Only the lines from the start of the data through the line containing "Provide a succinct answer. Yes. What number" should be written out, exactly as they are, with both ends included and the pictures left out.
•••
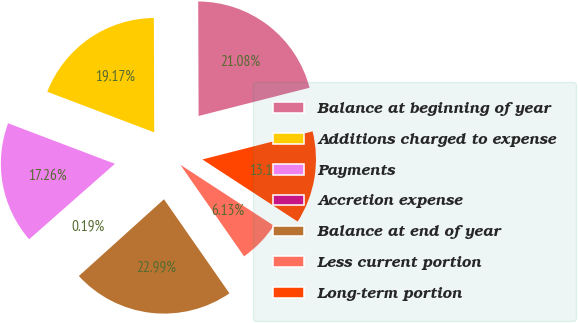<chart> <loc_0><loc_0><loc_500><loc_500><pie_chart><fcel>Balance at beginning of year<fcel>Additions charged to expense<fcel>Payments<fcel>Accretion expense<fcel>Balance at end of year<fcel>Less current portion<fcel>Long-term portion<nl><fcel>21.08%<fcel>19.17%<fcel>17.26%<fcel>0.19%<fcel>22.99%<fcel>6.13%<fcel>13.16%<nl></chart> 
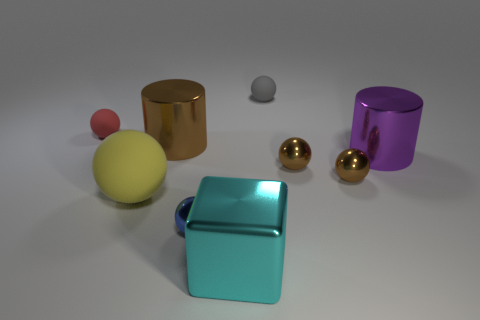Do the gray ball and the rubber sphere left of the yellow sphere have the same size?
Provide a succinct answer. Yes. What number of brown objects are tiny matte balls or matte things?
Provide a succinct answer. 0. What number of metallic objects are there?
Your answer should be compact. 6. There is a metallic cylinder behind the purple cylinder; what is its size?
Ensure brevity in your answer.  Large. Does the brown metallic cylinder have the same size as the blue metallic sphere?
Provide a succinct answer. No. What number of objects are shiny blocks or large cyan cubes to the right of the small red object?
Ensure brevity in your answer.  1. What is the material of the red sphere?
Keep it short and to the point. Rubber. Are there any other things of the same color as the big metallic block?
Make the answer very short. No. Is the shape of the purple metal object the same as the large brown object?
Provide a succinct answer. Yes. What is the size of the sphere behind the small matte object to the left of the tiny rubber sphere that is on the right side of the red sphere?
Make the answer very short. Small. 
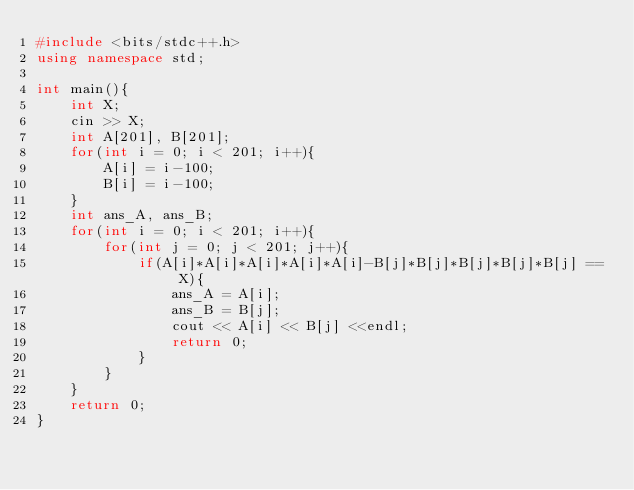<code> <loc_0><loc_0><loc_500><loc_500><_C++_>#include <bits/stdc++.h>
using namespace std;

int main(){
    int X;
    cin >> X;
    int A[201], B[201];
    for(int i = 0; i < 201; i++){
        A[i] = i-100;
        B[i] = i-100;
    }
    int ans_A, ans_B;
    for(int i = 0; i < 201; i++){
        for(int j = 0; j < 201; j++){
            if(A[i]*A[i]*A[i]*A[i]*A[i]-B[j]*B[j]*B[j]*B[j]*B[j] == X){
                ans_A = A[i];
                ans_B = B[j];
                cout << A[i] << B[j] <<endl;
                return 0;
            }
        }
    }
    return 0;
}</code> 
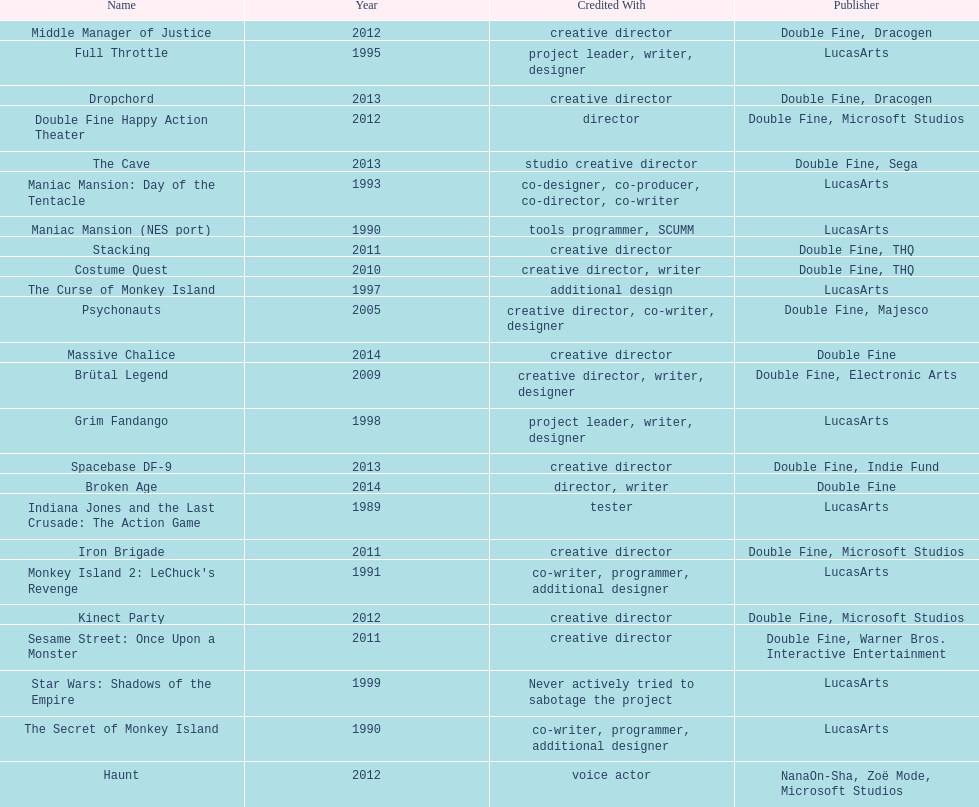Which game is credited with a creative director and warner bros. interactive entertainment as their creative director? Sesame Street: Once Upon a Monster.
•••
**RESPONSE TO THE EXERCISE**
<chart> <loc_0><loc_0><loc_500><loc_500><pie_chart><fcel>Balance at beginning of year<fcel>Additions charged to expense<fcel>Payments<fcel>Accretion expense<fcel>Balance at end of year<fcel>Less current portion<fcel>Long-term portion<nl><fcel>21.08%<fcel>19.17%<fcel>17.26%<fcel>0.19%<fcel>22.99%<fcel>6.13%<fcel>13.16%<nl></chart> 
Do the gray ball and the rubber sphere left of the yellow sphere have the same size?
Provide a succinct answer. Yes. What number of brown objects are tiny matte balls or matte things?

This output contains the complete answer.